Pirelli and Hixih move closer together
On 1 April 2020 Camfin SpA, a key shareholder in Pirelli which shares the Italian tyre manufacturer’s close connections with Marco Tronchetti Provera, announced that Camfin and Longmarch Sàrl had signed “a preliminary and non-binding Memorandum of Understanding [MoU] to evaluate a possible strategic partnership, aimed at developing activities in private equity, including the healthcare sector. However, while Camfin is an investment company and Longmarch is a separate Luxembourg-based vehicle, the two firms are related to Pirelli and the Chinese Hixih Rubber Group respectively. And therefore, the latest news could also indicate that Pirelli and Hixih are moving closer together.
Camfin’s 1 April 2020 statement explained that in the MoU, Camfin and Longmarch had identified some possible investment criteria relating to the private equity activities. Crucially, Camfin would be responsible for governance in this possible partnership between Camfin and Longmarch, “in order to achieve the business purposes indicated above” and also to “complete the strengthening of Camfin’s equity in Pirelli started in recent months”.
Specifically, the MoU relates to the participation in “a long position” on Pirelli shares equal to 5.19 per cent of the issued share capital. At the same time, the purchase of Pirelli shares by Longmarch is guaranteed by a repurchase agreement stipulated with ICBC [presumably the Industrial and Commercial bank of China], which currently holds the underlying stake.
It also includes a “call option” for a total of 48,900,000 Pirelli shares, which equates to 4.89 per cent of Pirelli, subscribed by Camfin in September 2019 expiring in September 2022 which could be settled in cash with consequent cash contribution within the possible partnership with Longmarch.
The 1 April MoU also includes a 60-day exclusivity period, meaning that while it is just the two parties at the moment, further talks with others beyond the 60-day mark cannot be ruled out. However, Camfin also confirmed “the solidity of the long-term partnership started in 2015 with ChemChina and the stability over time of the current governance arrangements which have as their objective the preservation of Pirelli’s entrepreneurial culture.” But it must be said that such a statement can be interpreted a number of different ways.
Camfin and Longmarch; Pirelli and Hixih
To understand what is going on here, it is really worth re-visiting the context. Longmarch Holding Sarl was established in Luxembourg on 28 February 2020 and is owned by Hixih International Trade (HongKong) Company Limited, which is headed by Teng Niu and acts as the investment arm of Hixih Rubber Industry Group. Teng Niu is also the chairperson of Hixih’s tyre factories including Tongli Tire.

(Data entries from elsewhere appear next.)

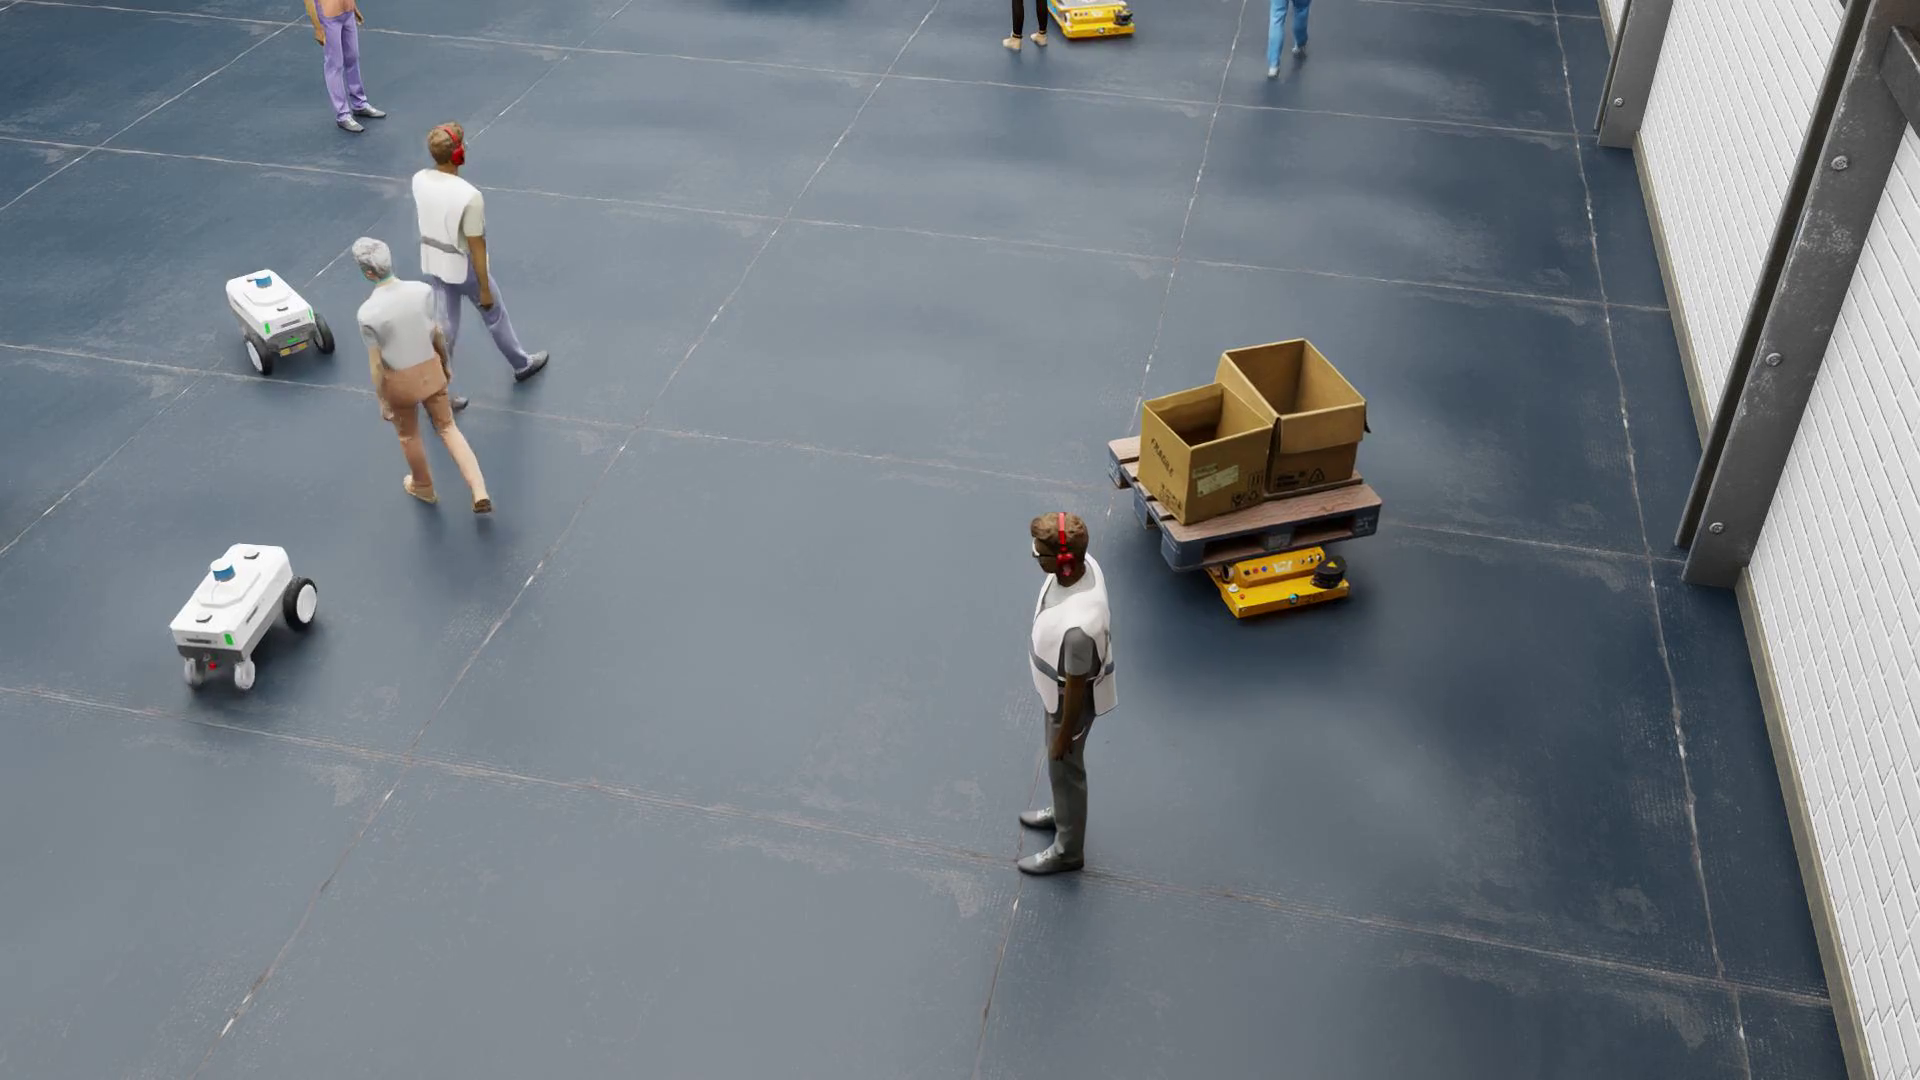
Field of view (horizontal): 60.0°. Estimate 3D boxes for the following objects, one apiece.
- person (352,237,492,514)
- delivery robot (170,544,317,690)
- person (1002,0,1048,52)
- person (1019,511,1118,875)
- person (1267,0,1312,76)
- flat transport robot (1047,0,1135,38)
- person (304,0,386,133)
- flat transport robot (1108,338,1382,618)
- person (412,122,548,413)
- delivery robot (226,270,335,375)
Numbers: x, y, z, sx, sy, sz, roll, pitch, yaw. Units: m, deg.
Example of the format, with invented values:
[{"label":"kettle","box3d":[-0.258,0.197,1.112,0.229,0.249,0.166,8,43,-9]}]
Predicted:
[{"label":"person","box3d":[-2.979,-0.862,9.171,0.688,1.713,0.491,31,46,34]},{"label":"delivery robot","box3d":[-3.698,0.350,8.502,0.499,0.584,0.783,4,37,5]},{"label":"person","box3d":[0.615,-5.320,15.151,0.531,1.691,0.322,-18,40,-23]},{"label":"person","box3d":[0.462,0.649,7.046,0.398,1.833,0.569,-1,37,-1]},{"label":"person","box3d":[2.969,-5.053,14.804,0.497,1.674,0.900,13,39,16]},{"label":"flat transport robot","box3d":[1.182,-5.248,16.241,0.659,0.231,1.431,-8,37,-10]},{"label":"person","box3d":[-5.148,-4.303,13.662,0.378,1.841,0.568,11,38,15]},{"label":"flat transport robot","box3d":[1.572,-0.110,9.366,0.659,0.231,1.431,-10,38,-14]},{"label":"person","box3d":[-3.044,-1.653,10.149,0.579,1.798,0.950,20,41,25]},{"label":"delivery robot","box3d":[-4.516,-1.468,10.957,0.499,0.609,0.805,-27,44,-31]}]

The connection between Pirelli and the Niu family developed when the Hixih Group’s first tyre factory in China was launched, through the constitution of a joint venture which contributed to the development of the Pirelli factories in the Shandong province.
However, Hixih Rubber Industry Group, which was founded in 1989, hasn’t limited its joint venture investments to Pirelli. Specifically, Hixih reports that it has built joint ventures with well-known companies including Bekaert, Carlyle Group, Continental and Goodyear as well. However, the Pirelli investment is by far the biggest.
In July 2017 Hixih Rubber Industry Group announced it was investing nearly RMB 6 billion (£682.3 million) in its two subsidiaries, Shenzhou Tire and Tongli Tire (its commercial vehicle tyre factory).
The Shenzhou Tire car tyre plant project involved an investment of RMB 3.53 billion (£401.4 million) for a 46.7-hectare site. The project will be completed in two stages, the first of which will create an annual capacity of 6 million units with an investment of approximately RMB 1.98 billion (£225.2 million).
A further investment of RMB 2.4 billion (£272.9 million) facilitated an expansion project at the Tongli Tire facility, including the installation of new equipment and the upgrading of machinery. Capacity was planned to double to 4 million tyres a year through the project, and following its completion, the operation is expected to have a sales revenue of RMB 3.17 billion (£360.5 million) and a profit of RMB 570 million (£64.8 million). Profits cannot be verified but according to Dun and Bradstreet the firm’s 2016 turnover was $339 million and 2017 the firm’s website puts 2017 turnover at $608 million.
At the end of 2018 Pirelli invested approximately 65 million euros in its stake in the joint venture. The majority shareholder at this point in time was Hixih Rubber Industry Group, however the agreement signed by Giuliana Menassi, senior vice-president of Pirelli’s APAC region, and Hixih Group chairman Niu Teng on 3 August gives Pirelli the option to increase its stake in Jining Shenzhou Tyre up to 70 per cent in the period between 1 January 2021 and 25 December 2025.
Both sides of the Hixih business therefore have close commercial and technological connections with Pirelli. Not only this, but the terms and conditions of those connections include options for the two businesses to move closer together during the next year or two. So, with this in mind, Camfin and Longmarch’s MoU overtures look a lot like a prelude to further movements between Pirelli and Hixih.